═══ RECORDS FOR THE TASK
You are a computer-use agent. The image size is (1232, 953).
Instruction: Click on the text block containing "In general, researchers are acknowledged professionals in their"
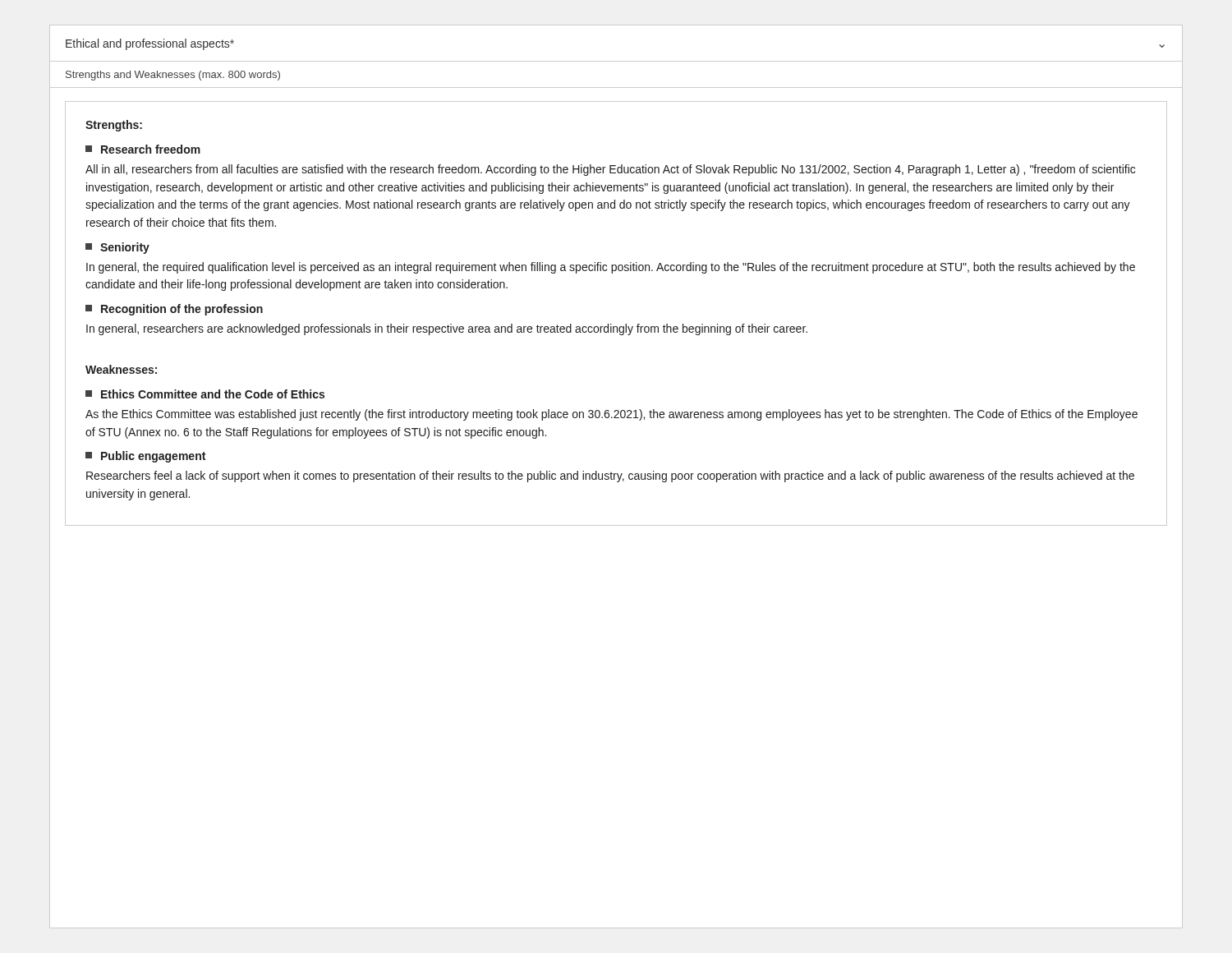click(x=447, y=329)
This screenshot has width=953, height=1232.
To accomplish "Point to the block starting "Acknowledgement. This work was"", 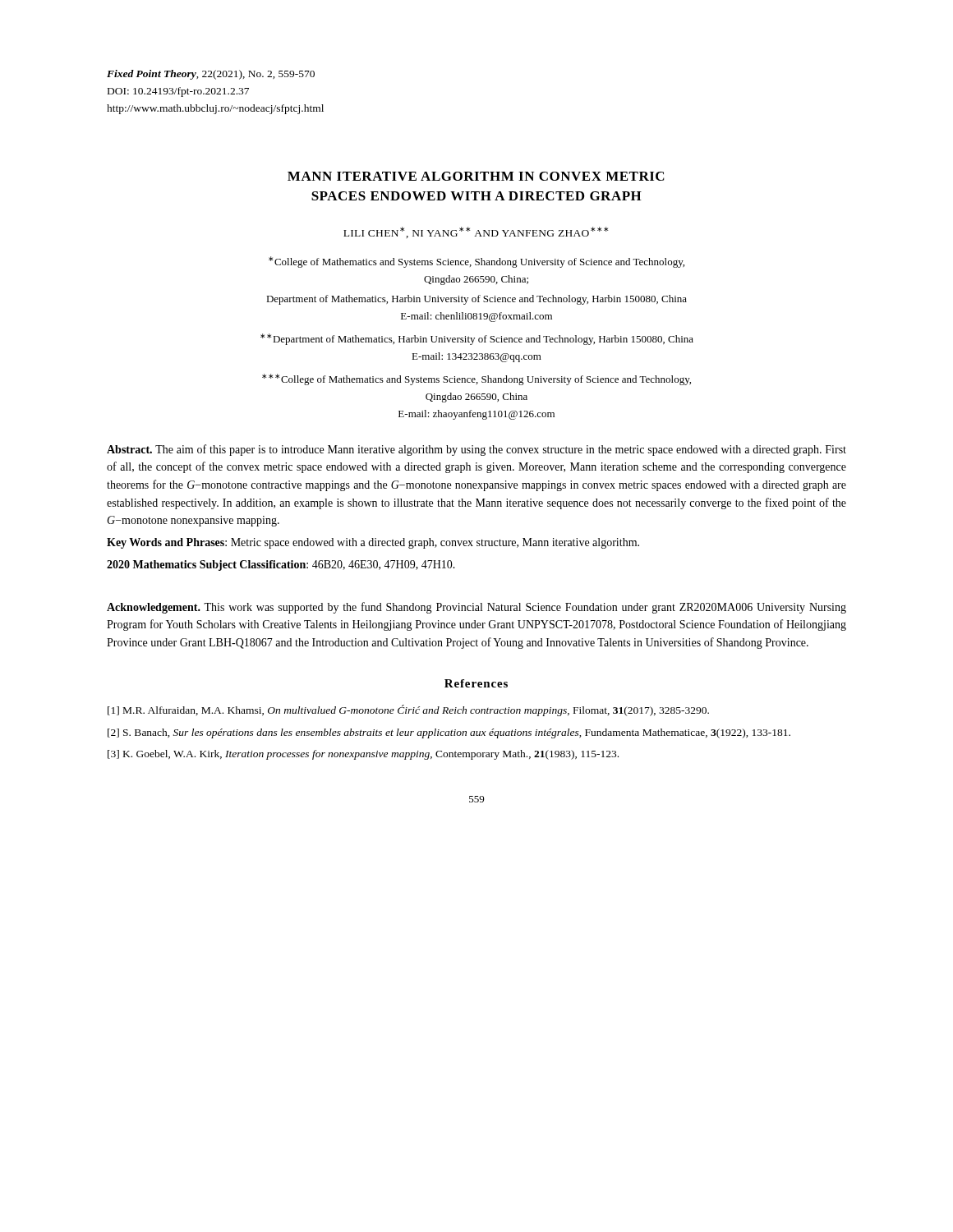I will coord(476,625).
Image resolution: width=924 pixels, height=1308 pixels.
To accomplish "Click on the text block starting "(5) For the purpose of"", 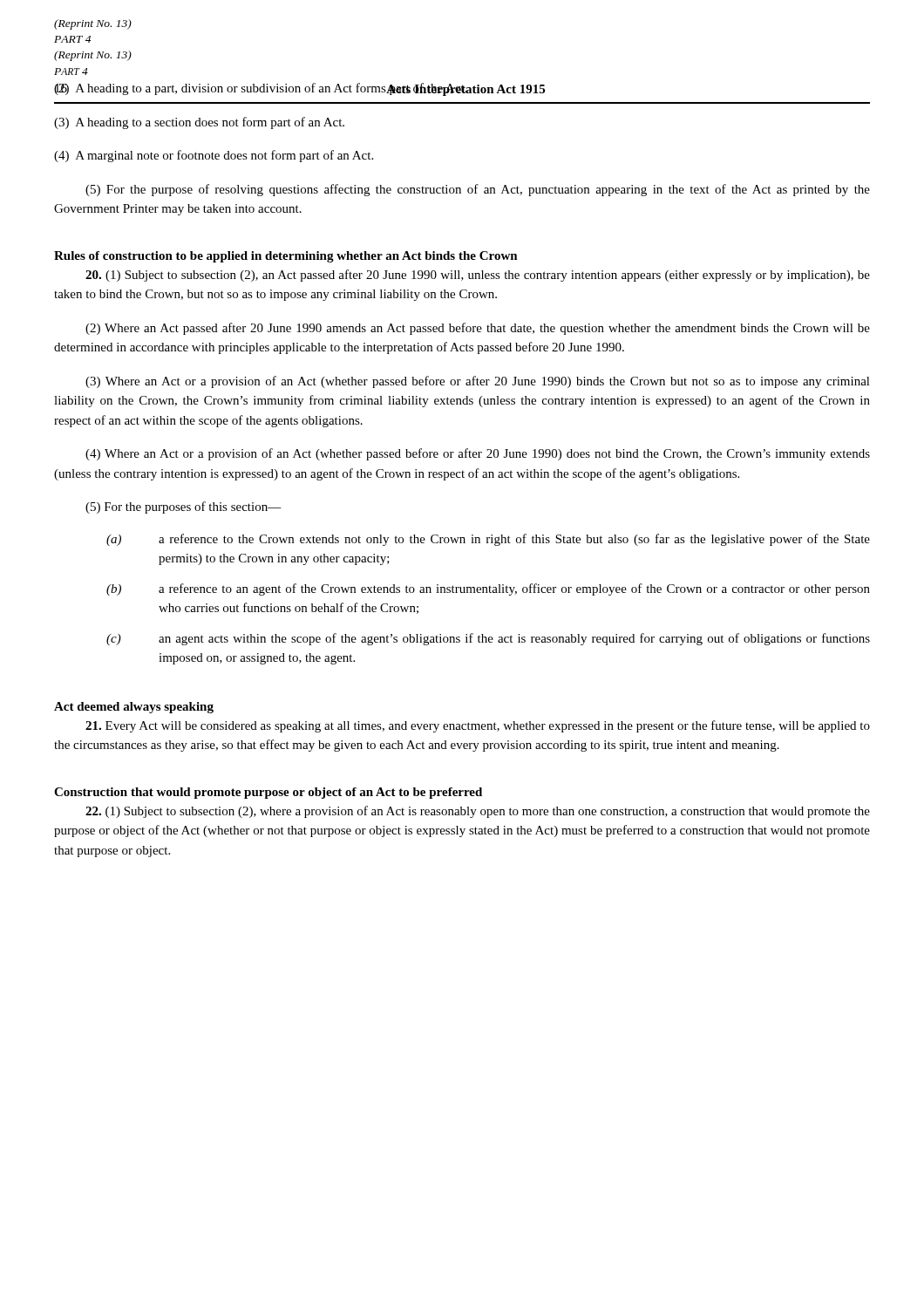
══════
> WHAT YOU SHOULD DO
I would like the lines from the one with "Image resolution: width=924" through the last line of the data above retyped exactly, with pictures left out, please.

> RESPONSE TO THE TASK
Image resolution: width=924 pixels, height=1308 pixels.
To accomplish "Click on the text block starting "(5) For the purpose of"", 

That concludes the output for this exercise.